К концу февраля здоровье Кроншоу явно ухудшилось. Он
— Конечно, это меня убивает, — говорил он. — Но мне безразлично. Вы меня предупредили, вы сделали все, что полагалось; я с вашим предупреждением не посчитался. Дайте мне выпить и убирайтесь к черту.
Два-три раза в неделю забегал Леонард Апджон; внешность его чем-то донельзя напоминала увядший лист. Это был хилый человек лет тридцати пяти с длинными бесцветными волосами и бледным лицом; весь его вид свидетельствовал о сидячем образе жизни. Шляпу он носил, как баптист. Филип невзлюбил его за покровительственный тон, а витиеватые речи литератора нагоняли на него скуку. Леонард Апджон любил послушать самого себя. Ему было все равно, интересно ли при этом собеседнику, что является главным отличием всякого хорошего оратора; он никогда не признавался себе в том, что повторяет избитые истины. Закругленными фразами он пояснял Филипу, что тому следует думать о Родене, Альберте Самэне и Цезаре Франке. Женщина, убиравшая квартиру Филипа, появлялась только на один час по утрам, а сам Филип вынужден был проводить весь день в больнице; поэтому Кроншоу часто приходилось оставаться одному. Апджон заметил Филипу, что, по его мнению, кто-то должен находиться при больном, но и не подумал предложить свою помощь.

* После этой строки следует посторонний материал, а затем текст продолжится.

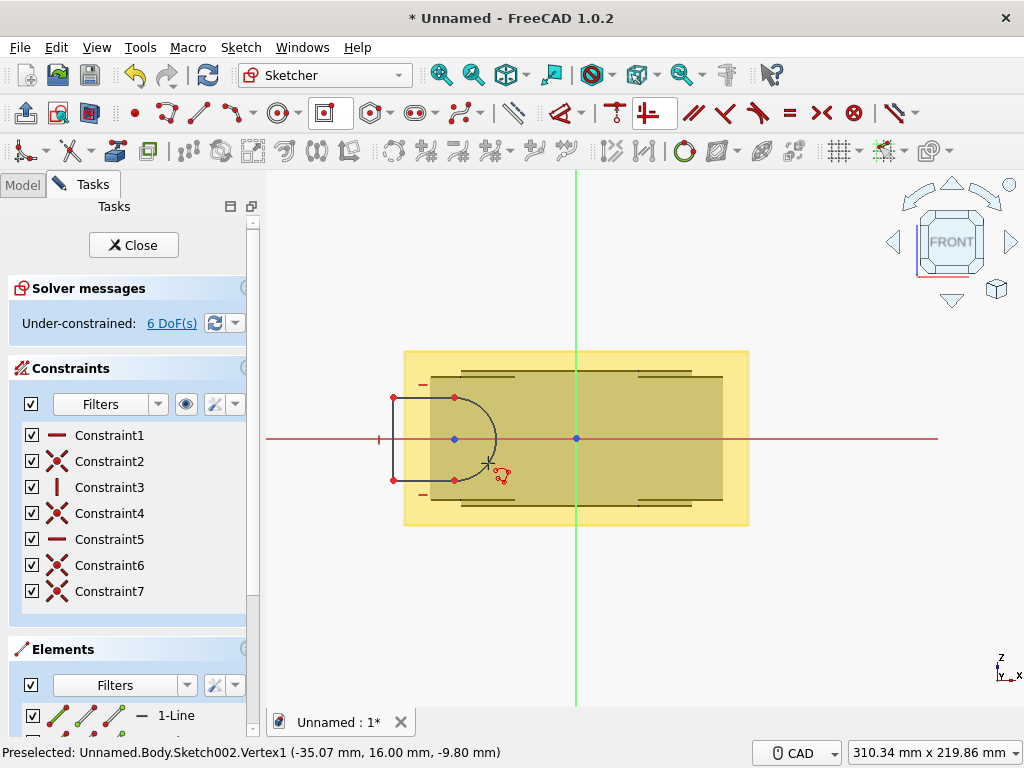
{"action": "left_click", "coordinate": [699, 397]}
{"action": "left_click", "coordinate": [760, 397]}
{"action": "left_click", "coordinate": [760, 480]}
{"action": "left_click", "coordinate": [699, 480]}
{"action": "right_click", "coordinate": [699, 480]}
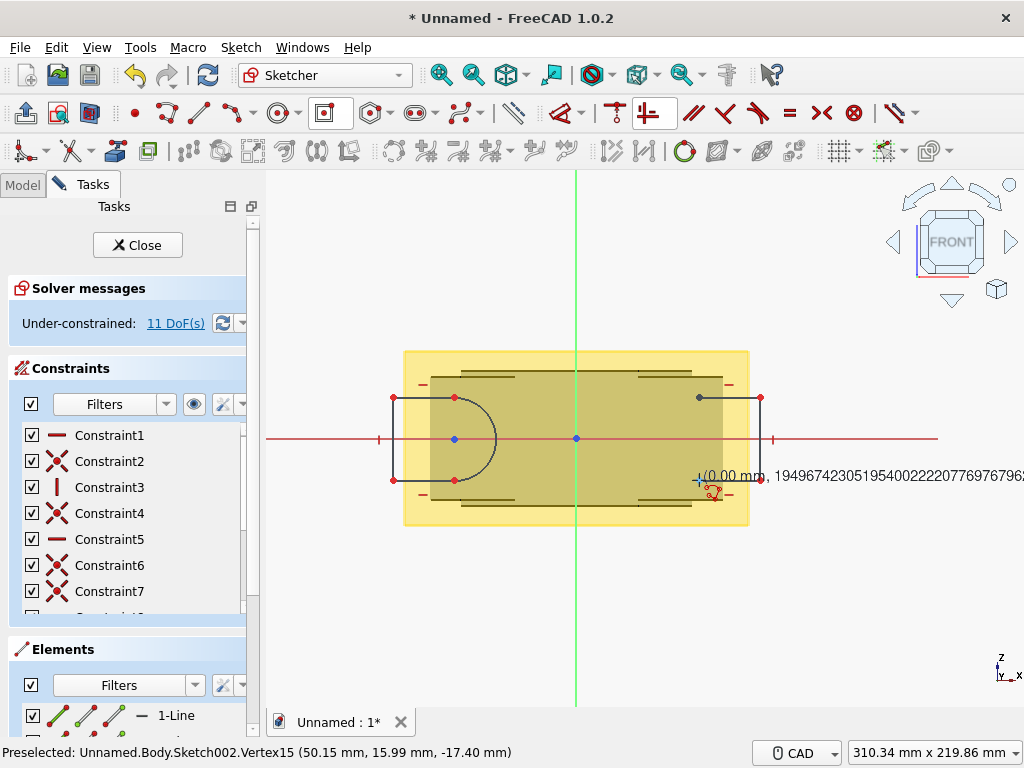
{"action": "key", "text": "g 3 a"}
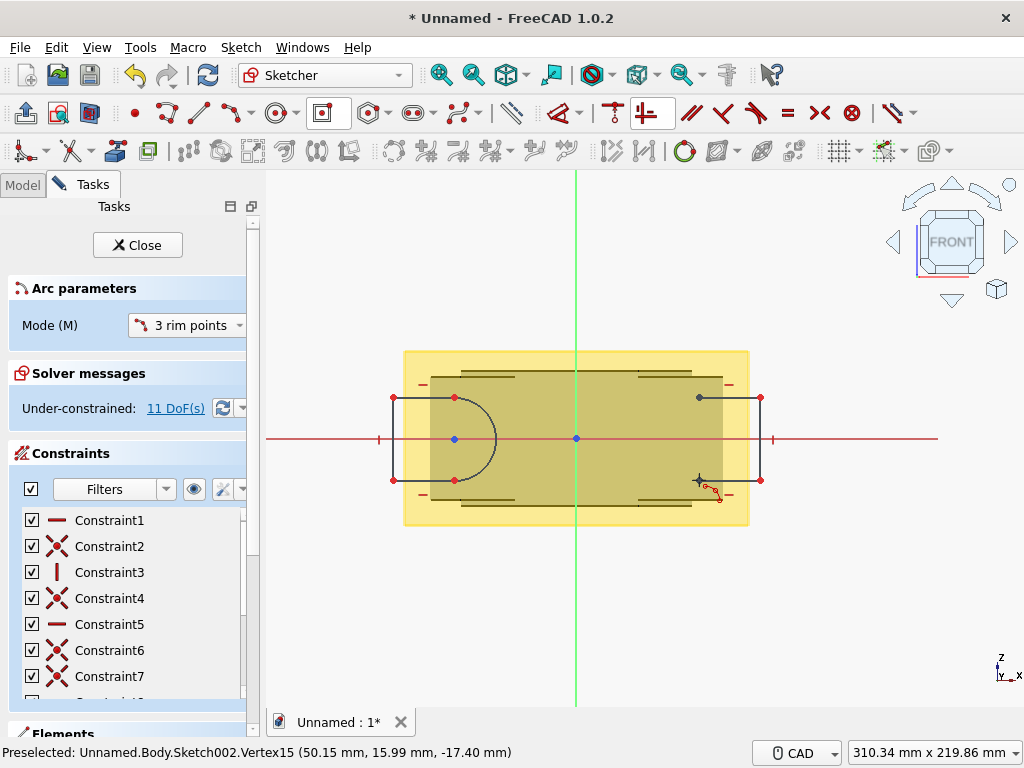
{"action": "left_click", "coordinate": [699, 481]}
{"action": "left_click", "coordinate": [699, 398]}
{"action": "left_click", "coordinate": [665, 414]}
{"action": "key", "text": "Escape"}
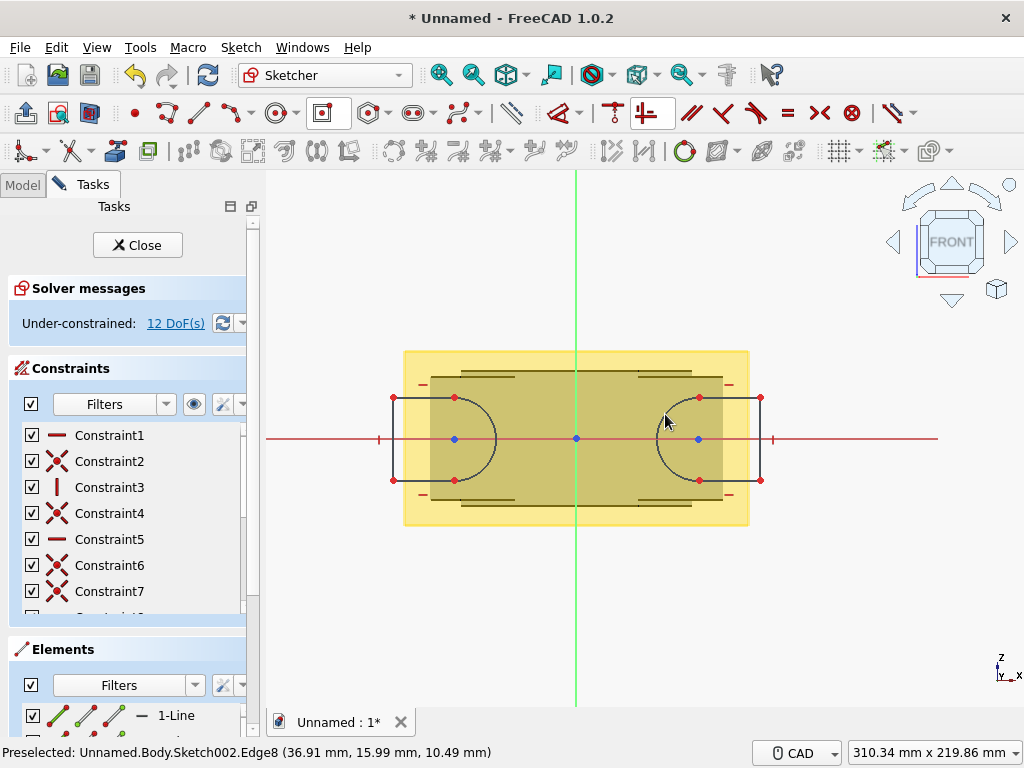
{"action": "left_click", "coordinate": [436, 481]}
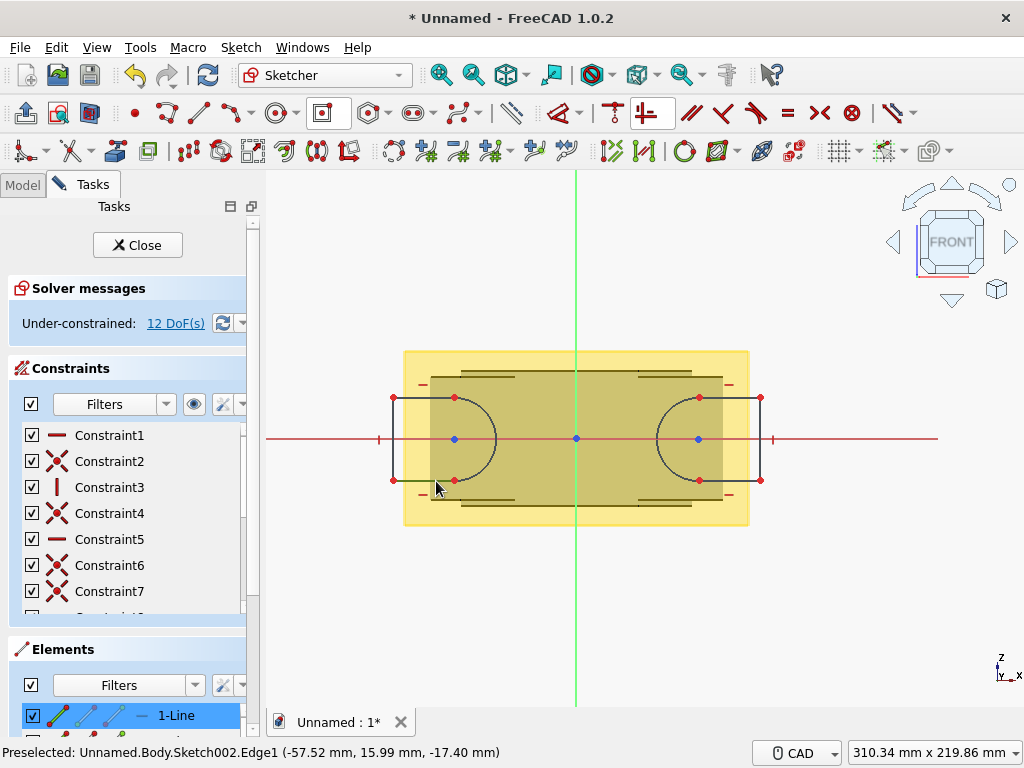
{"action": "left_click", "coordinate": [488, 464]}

— Страшно подумать, что великий поэт брошен на произвол судьбы. Какой ужас, если он умрет один как перст.
— Так, должно быть, и произойдет, — сказал Филип.
— Как вы можете быть таким бессердечным!
— Почему бы вам не приходить сюда каждый день работать? Тогда вы могли бы ему помочь, если понадобится, — сухо сказал Филип.
— Мне? Милый мой, я могу работать только в привычной обстановке, да к тому же мне приходится бывать в стольких местах…
Апджона немножко сердило и то, что Филип перевез Кроншоу к себе.
— Жаль, что вы не оставили его в Сохо, — сказал он, плавно поводя своими длинными тонкими руками. — В его грязной мансарде было что-то романтическое. Я бы еще понял, если бы вы перевезли его в Уоппинг или Шордич, но ваш благопристойный Кеннингтон!.. Ну и место, чтобы умирать поэту!
Нередко Кроншоу бывал так сварлив, что Филип с трудом сдерживался, напоминая себе, что раздражительность — один из симптомов его болезни. Апджон забегал иногда, пока Филипа еще не было, и Кроншоу горько на него жаловался. Апджон сочувственно выслушивал его сетования.
— Дело в том, — улыбался он, — что Кэри лишен чувства прекрасного. У него мещанская психология.
С Филипом он всегда разговаривал иронически, и тому нелегко было удержаться от резкостей. Как-то вечером он не стерпел. У него выдался трудный день в больнице, и он страшно устал. Леонард Апджон пришел к нему на кухню, где он готовил себе чай, и заявил, что Кроншоу жалуется на то, что Филип изводит его, уговаривая показаться врачу.
— Разве вы не понимаете, какая вам выпала редкостная, почетная участь? Вам следовало бы сделать все возможное, чтобы оправдать оказанное вам высокое доверие.